Find the line containing "6) dvd box set at [0, 37, 230, 247]" in the records below. Copy exactly that line and each one after it, ending at the line containing "8) screwdriver at [0, 434, 90, 462]", and nothing more.

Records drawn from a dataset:
====================

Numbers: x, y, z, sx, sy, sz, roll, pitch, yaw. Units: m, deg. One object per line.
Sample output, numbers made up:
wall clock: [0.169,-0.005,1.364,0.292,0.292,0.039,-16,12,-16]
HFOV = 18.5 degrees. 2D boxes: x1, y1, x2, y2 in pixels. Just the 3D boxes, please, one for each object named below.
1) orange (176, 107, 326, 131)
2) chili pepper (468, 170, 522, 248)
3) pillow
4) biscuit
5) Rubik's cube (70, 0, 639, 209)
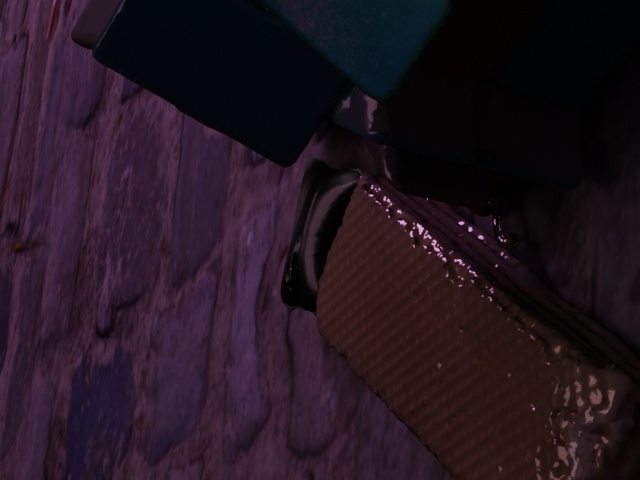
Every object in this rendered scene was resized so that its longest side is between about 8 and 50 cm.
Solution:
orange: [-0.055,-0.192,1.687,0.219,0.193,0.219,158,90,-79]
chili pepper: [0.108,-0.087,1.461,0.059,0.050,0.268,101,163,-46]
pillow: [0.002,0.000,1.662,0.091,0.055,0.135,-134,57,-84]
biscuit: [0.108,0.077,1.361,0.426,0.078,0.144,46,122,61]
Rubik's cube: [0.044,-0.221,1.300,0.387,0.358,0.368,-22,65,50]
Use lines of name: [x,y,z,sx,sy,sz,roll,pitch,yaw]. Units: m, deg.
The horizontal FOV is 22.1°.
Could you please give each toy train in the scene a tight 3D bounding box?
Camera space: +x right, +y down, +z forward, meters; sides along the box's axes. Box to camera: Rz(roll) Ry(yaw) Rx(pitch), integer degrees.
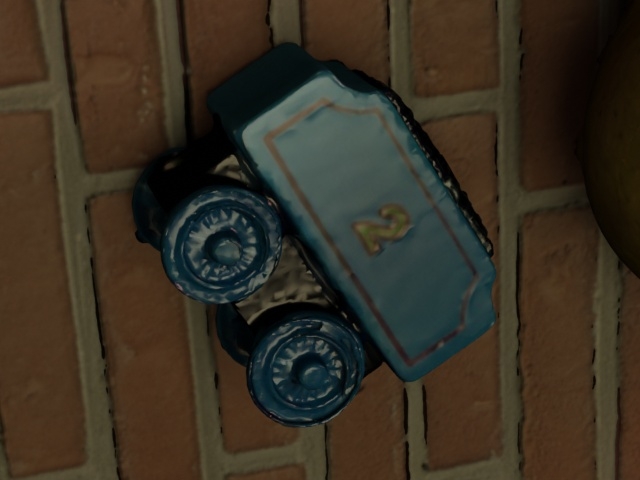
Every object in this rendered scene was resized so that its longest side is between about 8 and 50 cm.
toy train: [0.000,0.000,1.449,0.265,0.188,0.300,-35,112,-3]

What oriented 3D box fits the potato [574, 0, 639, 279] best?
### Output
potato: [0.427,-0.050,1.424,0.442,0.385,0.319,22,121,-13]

====================

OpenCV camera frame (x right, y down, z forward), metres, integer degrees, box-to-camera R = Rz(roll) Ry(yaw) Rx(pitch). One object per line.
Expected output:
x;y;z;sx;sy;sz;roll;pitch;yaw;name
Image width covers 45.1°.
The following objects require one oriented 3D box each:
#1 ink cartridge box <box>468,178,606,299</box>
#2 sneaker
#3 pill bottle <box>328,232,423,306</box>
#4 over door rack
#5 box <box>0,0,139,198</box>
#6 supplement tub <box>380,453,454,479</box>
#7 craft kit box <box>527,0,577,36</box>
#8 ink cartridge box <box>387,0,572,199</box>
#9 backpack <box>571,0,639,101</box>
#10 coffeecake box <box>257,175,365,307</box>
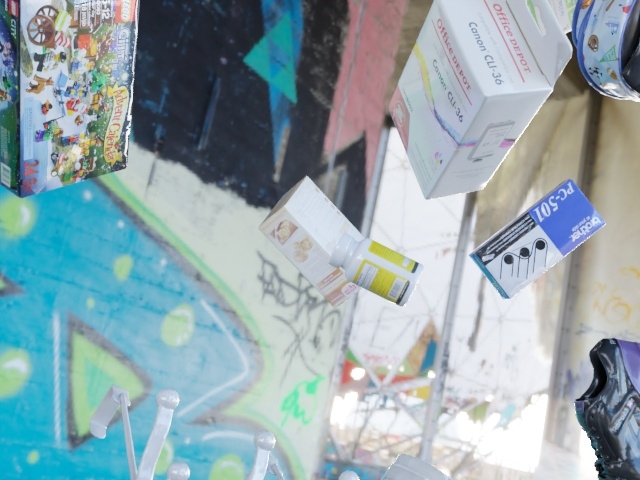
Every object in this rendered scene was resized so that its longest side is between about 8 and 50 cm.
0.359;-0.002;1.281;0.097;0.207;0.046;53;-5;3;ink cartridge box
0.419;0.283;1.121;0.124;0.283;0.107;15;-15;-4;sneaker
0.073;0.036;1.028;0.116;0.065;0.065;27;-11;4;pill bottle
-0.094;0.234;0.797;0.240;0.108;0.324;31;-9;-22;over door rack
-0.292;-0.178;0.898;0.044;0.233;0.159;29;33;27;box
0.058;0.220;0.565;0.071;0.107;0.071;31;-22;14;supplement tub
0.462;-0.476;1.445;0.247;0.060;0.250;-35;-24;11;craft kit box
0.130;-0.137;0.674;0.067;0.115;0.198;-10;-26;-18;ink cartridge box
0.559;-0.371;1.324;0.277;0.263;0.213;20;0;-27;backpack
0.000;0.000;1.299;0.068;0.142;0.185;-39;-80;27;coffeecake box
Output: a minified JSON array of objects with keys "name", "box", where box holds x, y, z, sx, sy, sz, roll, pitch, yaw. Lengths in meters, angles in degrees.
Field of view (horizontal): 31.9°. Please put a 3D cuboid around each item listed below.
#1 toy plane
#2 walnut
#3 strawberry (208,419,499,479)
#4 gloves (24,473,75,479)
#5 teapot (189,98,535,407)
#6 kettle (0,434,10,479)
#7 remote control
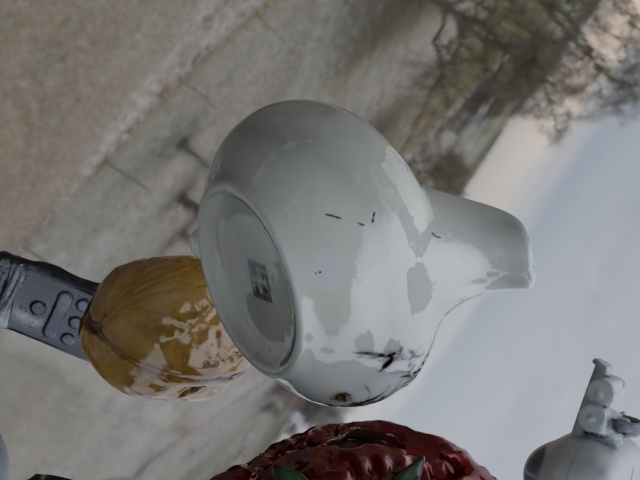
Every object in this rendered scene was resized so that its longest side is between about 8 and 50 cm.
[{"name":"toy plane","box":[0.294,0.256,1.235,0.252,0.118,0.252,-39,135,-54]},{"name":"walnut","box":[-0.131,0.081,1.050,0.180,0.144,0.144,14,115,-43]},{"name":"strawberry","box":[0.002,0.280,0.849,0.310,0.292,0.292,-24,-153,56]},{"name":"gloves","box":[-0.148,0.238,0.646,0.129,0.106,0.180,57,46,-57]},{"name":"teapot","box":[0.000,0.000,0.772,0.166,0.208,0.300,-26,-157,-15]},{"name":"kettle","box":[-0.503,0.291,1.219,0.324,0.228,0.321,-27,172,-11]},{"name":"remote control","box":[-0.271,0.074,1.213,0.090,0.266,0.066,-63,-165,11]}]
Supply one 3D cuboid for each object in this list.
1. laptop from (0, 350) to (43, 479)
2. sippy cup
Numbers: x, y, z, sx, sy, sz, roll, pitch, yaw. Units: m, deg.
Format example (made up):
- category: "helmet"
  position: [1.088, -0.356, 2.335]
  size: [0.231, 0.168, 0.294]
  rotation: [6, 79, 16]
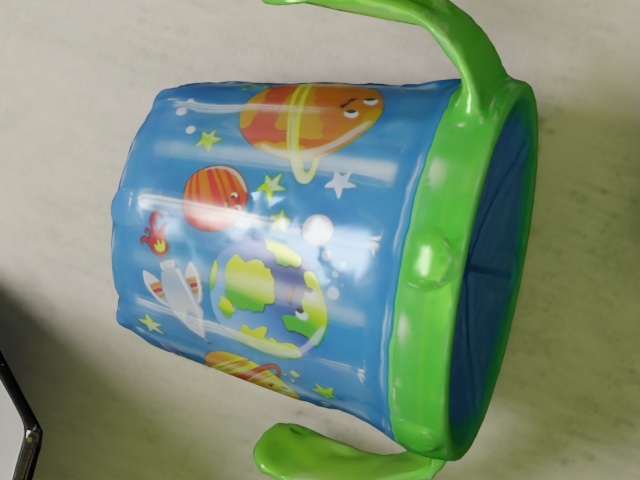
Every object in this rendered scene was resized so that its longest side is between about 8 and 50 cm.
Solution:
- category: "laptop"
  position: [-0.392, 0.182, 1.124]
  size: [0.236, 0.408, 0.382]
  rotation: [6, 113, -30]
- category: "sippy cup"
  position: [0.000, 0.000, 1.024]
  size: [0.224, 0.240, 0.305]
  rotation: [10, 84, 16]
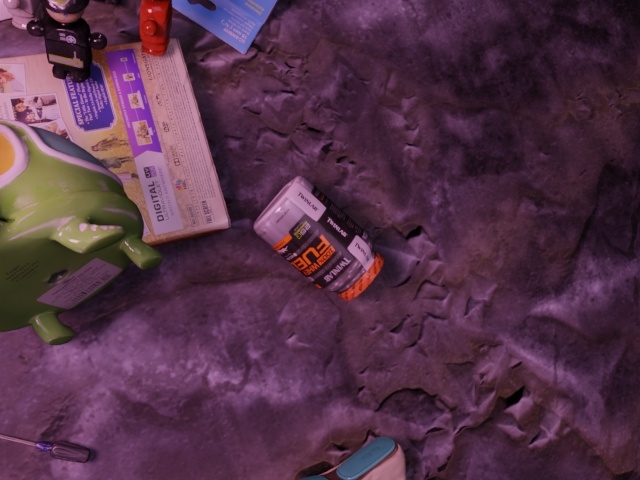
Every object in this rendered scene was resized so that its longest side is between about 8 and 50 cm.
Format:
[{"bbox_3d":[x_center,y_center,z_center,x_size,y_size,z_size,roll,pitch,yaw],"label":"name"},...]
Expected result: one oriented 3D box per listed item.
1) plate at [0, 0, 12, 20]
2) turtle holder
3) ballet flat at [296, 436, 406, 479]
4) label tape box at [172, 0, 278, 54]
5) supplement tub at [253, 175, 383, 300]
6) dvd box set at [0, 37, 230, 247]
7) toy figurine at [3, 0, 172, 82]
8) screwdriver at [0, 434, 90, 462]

====================

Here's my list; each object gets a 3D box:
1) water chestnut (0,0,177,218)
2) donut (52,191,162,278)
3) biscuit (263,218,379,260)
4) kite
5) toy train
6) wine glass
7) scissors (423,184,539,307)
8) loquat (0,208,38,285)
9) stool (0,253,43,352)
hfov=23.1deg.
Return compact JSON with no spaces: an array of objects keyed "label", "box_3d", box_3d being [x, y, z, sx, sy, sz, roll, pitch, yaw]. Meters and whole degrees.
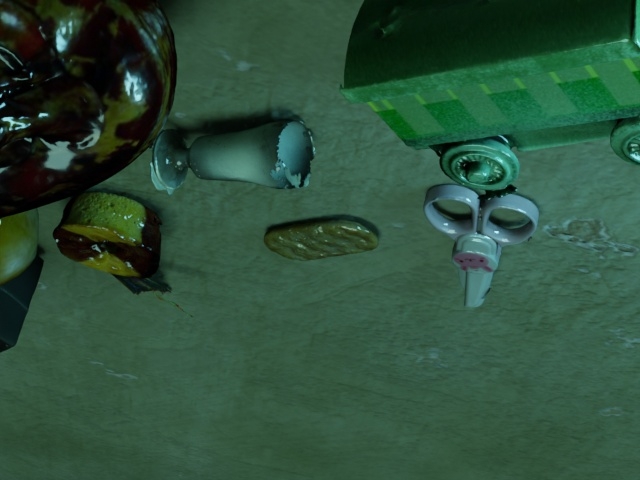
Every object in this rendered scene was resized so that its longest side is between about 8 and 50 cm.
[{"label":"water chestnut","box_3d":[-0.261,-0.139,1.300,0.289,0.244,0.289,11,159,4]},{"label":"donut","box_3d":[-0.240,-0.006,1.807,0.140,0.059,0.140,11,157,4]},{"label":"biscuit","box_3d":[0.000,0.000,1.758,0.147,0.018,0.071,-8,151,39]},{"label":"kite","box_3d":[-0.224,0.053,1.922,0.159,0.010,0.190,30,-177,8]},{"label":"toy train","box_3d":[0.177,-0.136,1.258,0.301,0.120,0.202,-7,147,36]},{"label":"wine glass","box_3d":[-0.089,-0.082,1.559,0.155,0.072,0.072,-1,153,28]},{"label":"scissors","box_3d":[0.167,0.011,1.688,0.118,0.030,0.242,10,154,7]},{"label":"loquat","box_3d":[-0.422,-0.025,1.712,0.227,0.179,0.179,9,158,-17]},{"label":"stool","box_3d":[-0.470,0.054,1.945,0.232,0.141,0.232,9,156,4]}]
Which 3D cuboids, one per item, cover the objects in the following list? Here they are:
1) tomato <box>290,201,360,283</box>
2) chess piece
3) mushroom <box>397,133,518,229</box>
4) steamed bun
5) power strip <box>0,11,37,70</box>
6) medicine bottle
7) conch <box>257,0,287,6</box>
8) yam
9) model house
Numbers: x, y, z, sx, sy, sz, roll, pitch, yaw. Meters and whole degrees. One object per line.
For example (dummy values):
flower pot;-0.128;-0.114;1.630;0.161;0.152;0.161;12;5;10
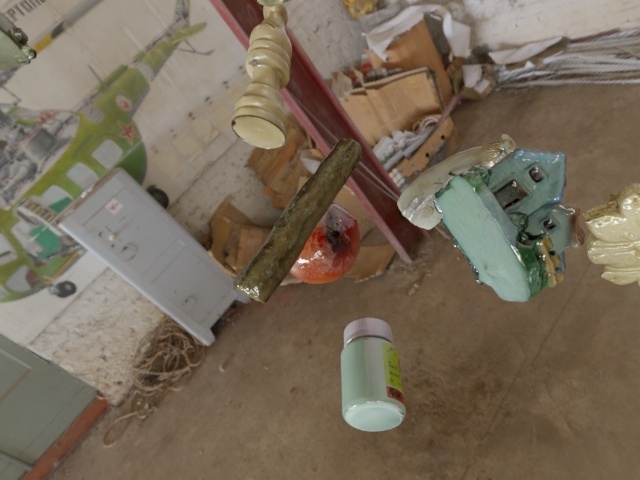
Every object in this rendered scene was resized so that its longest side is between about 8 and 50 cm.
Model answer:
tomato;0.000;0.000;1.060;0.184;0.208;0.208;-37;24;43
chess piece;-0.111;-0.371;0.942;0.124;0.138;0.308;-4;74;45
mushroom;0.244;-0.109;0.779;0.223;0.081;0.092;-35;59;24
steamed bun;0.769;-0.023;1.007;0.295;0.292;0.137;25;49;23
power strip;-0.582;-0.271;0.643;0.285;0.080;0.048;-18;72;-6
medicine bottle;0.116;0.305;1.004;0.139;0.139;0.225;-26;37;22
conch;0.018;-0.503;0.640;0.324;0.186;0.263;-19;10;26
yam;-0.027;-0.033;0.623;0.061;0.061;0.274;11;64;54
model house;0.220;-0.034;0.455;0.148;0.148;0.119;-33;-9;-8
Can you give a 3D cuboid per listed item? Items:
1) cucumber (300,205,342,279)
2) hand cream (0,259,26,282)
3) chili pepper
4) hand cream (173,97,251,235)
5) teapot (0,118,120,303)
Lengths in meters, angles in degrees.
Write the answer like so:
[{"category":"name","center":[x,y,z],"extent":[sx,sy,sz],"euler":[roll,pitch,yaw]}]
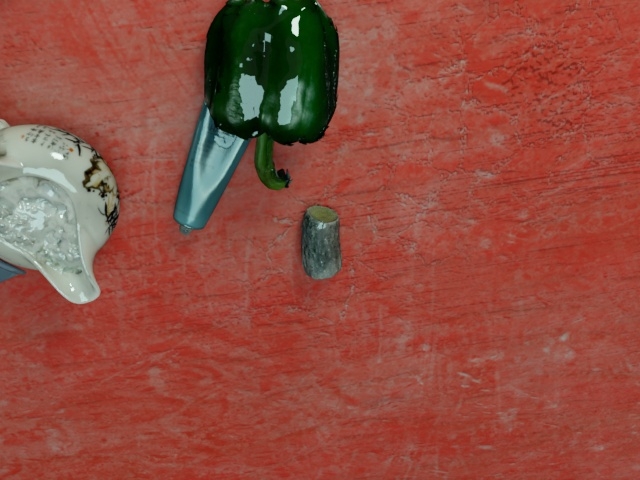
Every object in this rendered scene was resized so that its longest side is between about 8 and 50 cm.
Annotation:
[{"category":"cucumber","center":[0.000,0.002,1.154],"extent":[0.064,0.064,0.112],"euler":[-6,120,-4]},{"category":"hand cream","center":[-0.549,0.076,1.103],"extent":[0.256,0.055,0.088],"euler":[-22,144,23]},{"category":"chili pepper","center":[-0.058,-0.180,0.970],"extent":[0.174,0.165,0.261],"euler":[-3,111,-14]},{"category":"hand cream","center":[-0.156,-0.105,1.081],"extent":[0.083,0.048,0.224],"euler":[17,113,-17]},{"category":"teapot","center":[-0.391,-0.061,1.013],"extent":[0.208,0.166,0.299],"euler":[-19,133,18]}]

====================

Final answer:
6) dvd box set at [0, 37, 230, 247]
7) toy figurine at [3, 0, 172, 82]
8) screwdriver at [0, 434, 90, 462]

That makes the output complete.